As rightly held by the Supreme Court in the said

case, the simple fact of the petitioner having issued an

offer from Kolkata might not be a germane fact

embodying an essential part of the cause of action.

The cause of action in the said case was a challenge to

the refusal to accept the bid of the petitioner, which

took place outside Calcutta and the Supreme Court

was justified in turning down the jurisdiction of the

Calcutta High Court on such count.

The other relevant judgment relied on by the

respondent is that of National Textile Corpn. Ltd.

(supra). In the said case, the question which arose for

consideration was summed up in paragraph 12 of the

report. The textile mills which were situated in

Bombay and the supply of cloth, which was in

dispute, was to be made ex-factory at Bombay.

According to the writ petitioner, the money was paid

to the mills at Bombay and the learned Single Judge

in the said case, after a detailed discussion of the

matter held that the Calcutta High Court had no

jurisdiction to entertain the writ petition. The Division

Bench, in the case, reversed the finding on the ground

that a concluded contract had come into existence

which could be cancelled only after giving opportunity

of hearing and consequently the question of

revocation of the contract at the petitioner's Calcutta

address would constitute a cause of action.

With utmost respect, it could be argued, as

done in the said case, that the said revocation of

jurisdiction could be termed as a bit convoluted,

having no direct connection with the bundle of facts

which led to the said writ petition. The prayer made

in the writ petition was a writ of mandamus

commanding the respondents therein to produce the

entire records relating to withdrawal of delivery of

goods pursuant to the contract mentioned in the writ

petition.

However, the facts of the said case, in the

context of which the Supreme Court rendered the

findings therein, have no similarity with the present

case.

Kusum Ingots (supra) undoubtedly lays down

the contours of the operation of Article 226(2) of the

Constitution.
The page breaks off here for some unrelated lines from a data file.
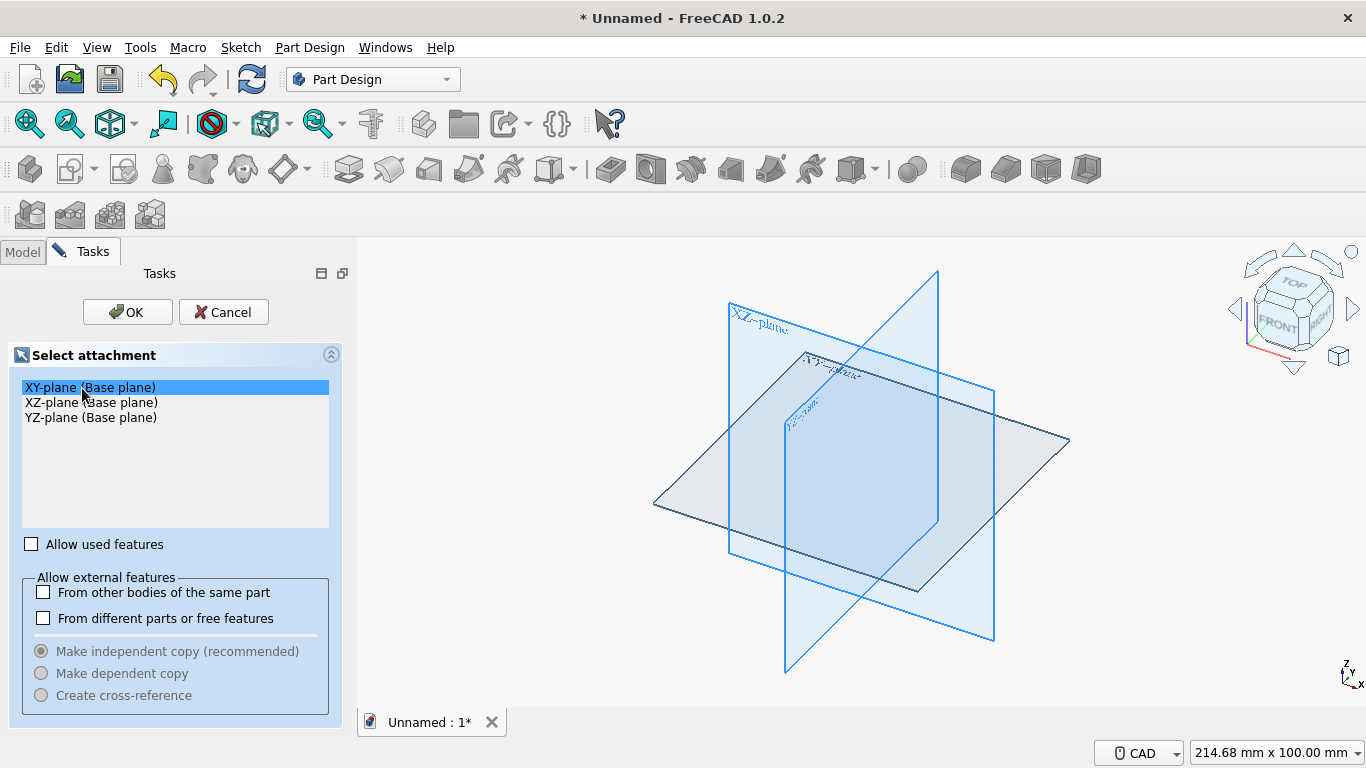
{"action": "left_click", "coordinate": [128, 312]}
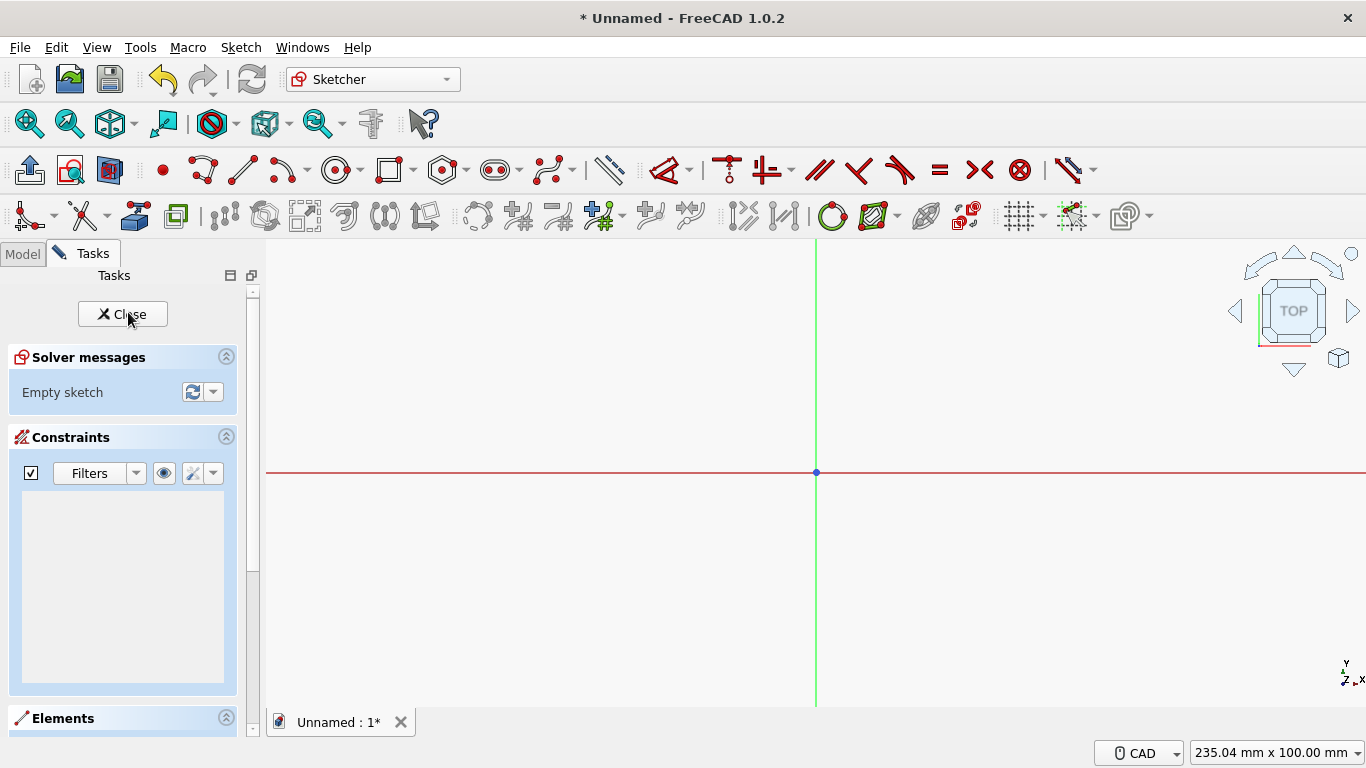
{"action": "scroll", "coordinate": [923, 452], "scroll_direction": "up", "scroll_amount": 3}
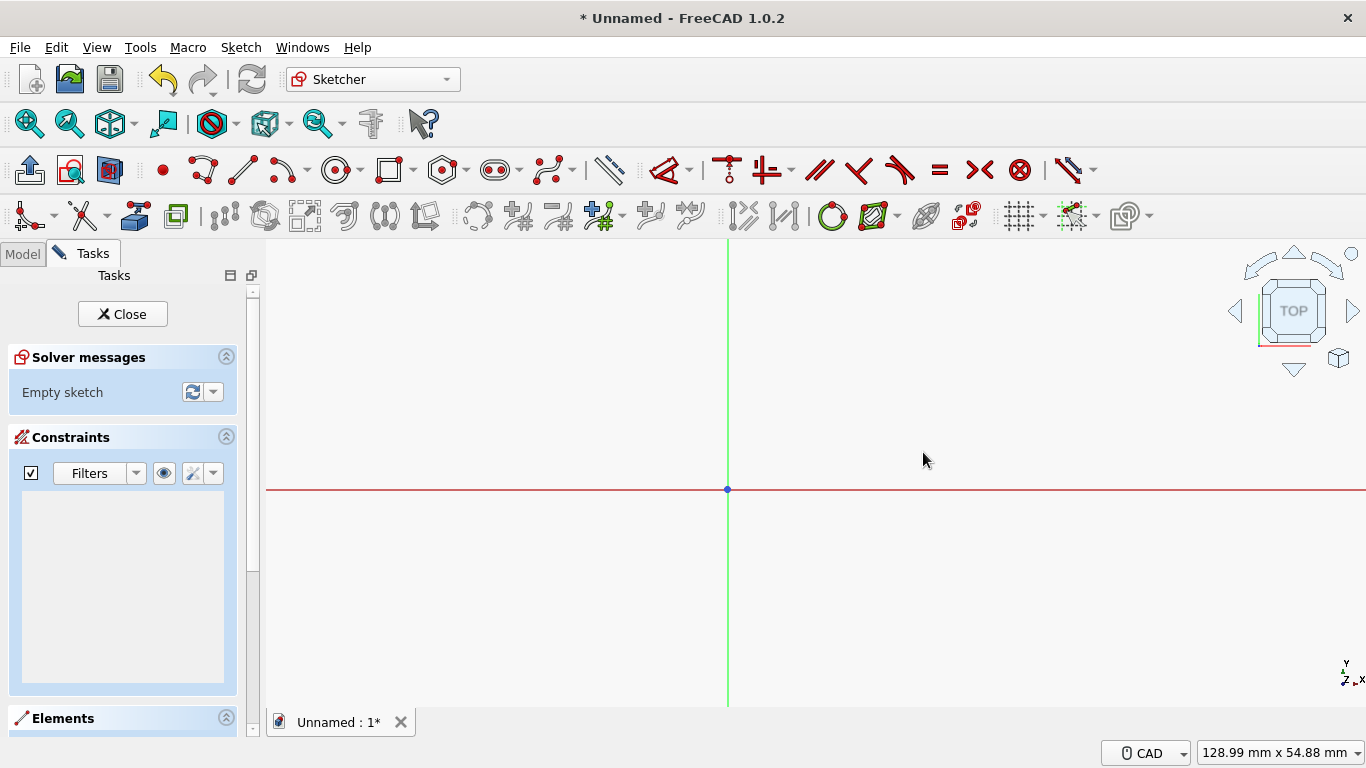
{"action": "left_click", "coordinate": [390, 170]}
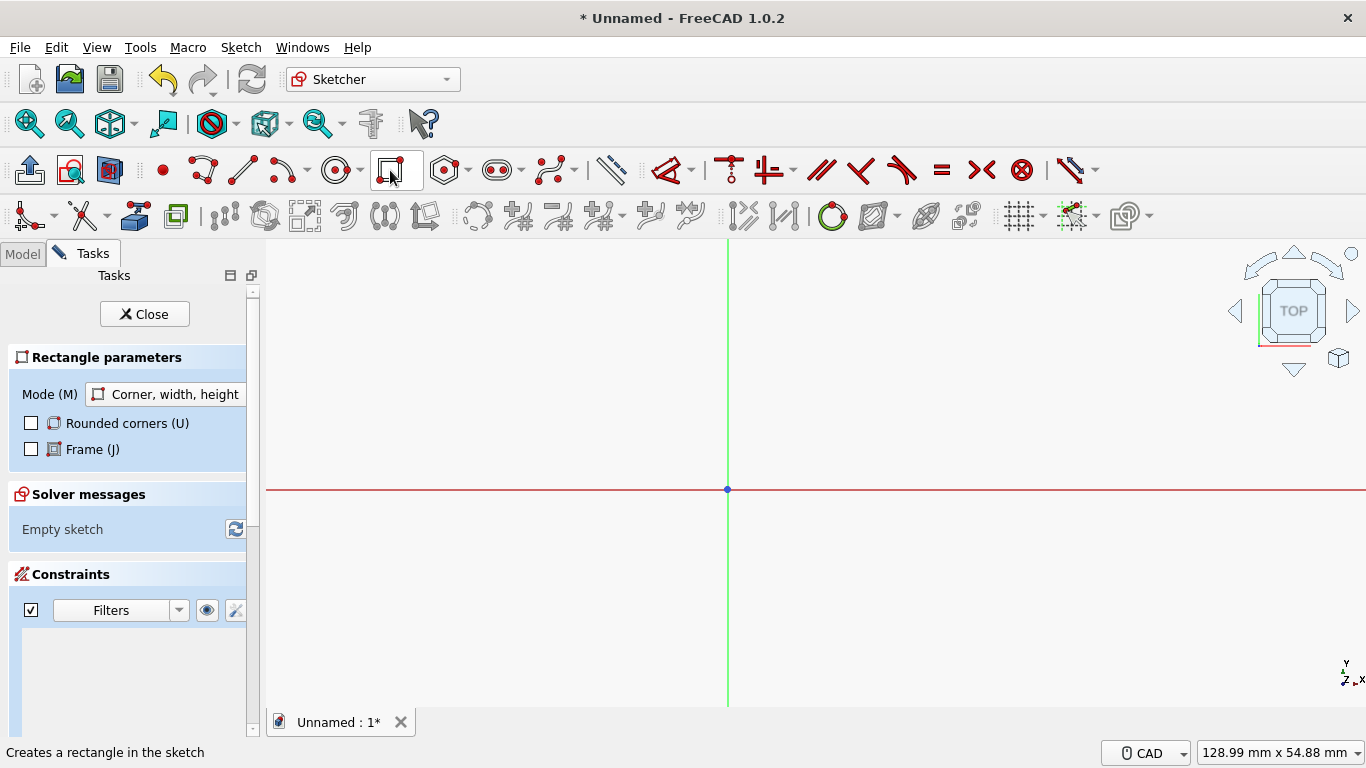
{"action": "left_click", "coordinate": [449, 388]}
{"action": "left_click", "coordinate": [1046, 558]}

A proposition was laid down therein

that if a part of the cause of action arises within the

territorial jurisdiction of a court, the same has

jurisdiction. In fact, in paragraph no. 30 of the same,

the Supreme Court while dealing with the concept of

Forum conveniens observed that it ought to be

reminded that even if a small part of the cause of

action arises within the territorial jurisdiction of the

High Court, the same by itself may not be considered

to be a determinative factor compelling the High Court

to decide the matter on merits. In appropriate cases,

the court may refuse to exercise its discretionary

jurisdiction by invoking the doctrine of Forum

conveniens. As opposed to the said case, in the

present case, the effect of the impugned action of the

respondent is on a much wider footing.

In most of the judgments cited by the

respondent, the dispute revolves around the refusal of

a particular entity in a tender process or some other

similar process.

In the present case, however, the cancellation of

the registration of the petitioner as a Resolution

Professional under the Insolvency and Bankruptcy

Code, 2016 (for short "the IBC, 2016") is not restricted

or confined to a proceeding happening at Odisha. The

petitioner, while acting as the resolution professional,

undoubtedly operated within the scope of the Odisha

Tribunal and functioned as a resolution professional

in the said proceeding, including appearing before the

Orissa High Court. However, functioning as a

resolution professional before the Odisha forums is a

direct antithesis of the cancellation of the registration

of the petitioner as a resolution professional.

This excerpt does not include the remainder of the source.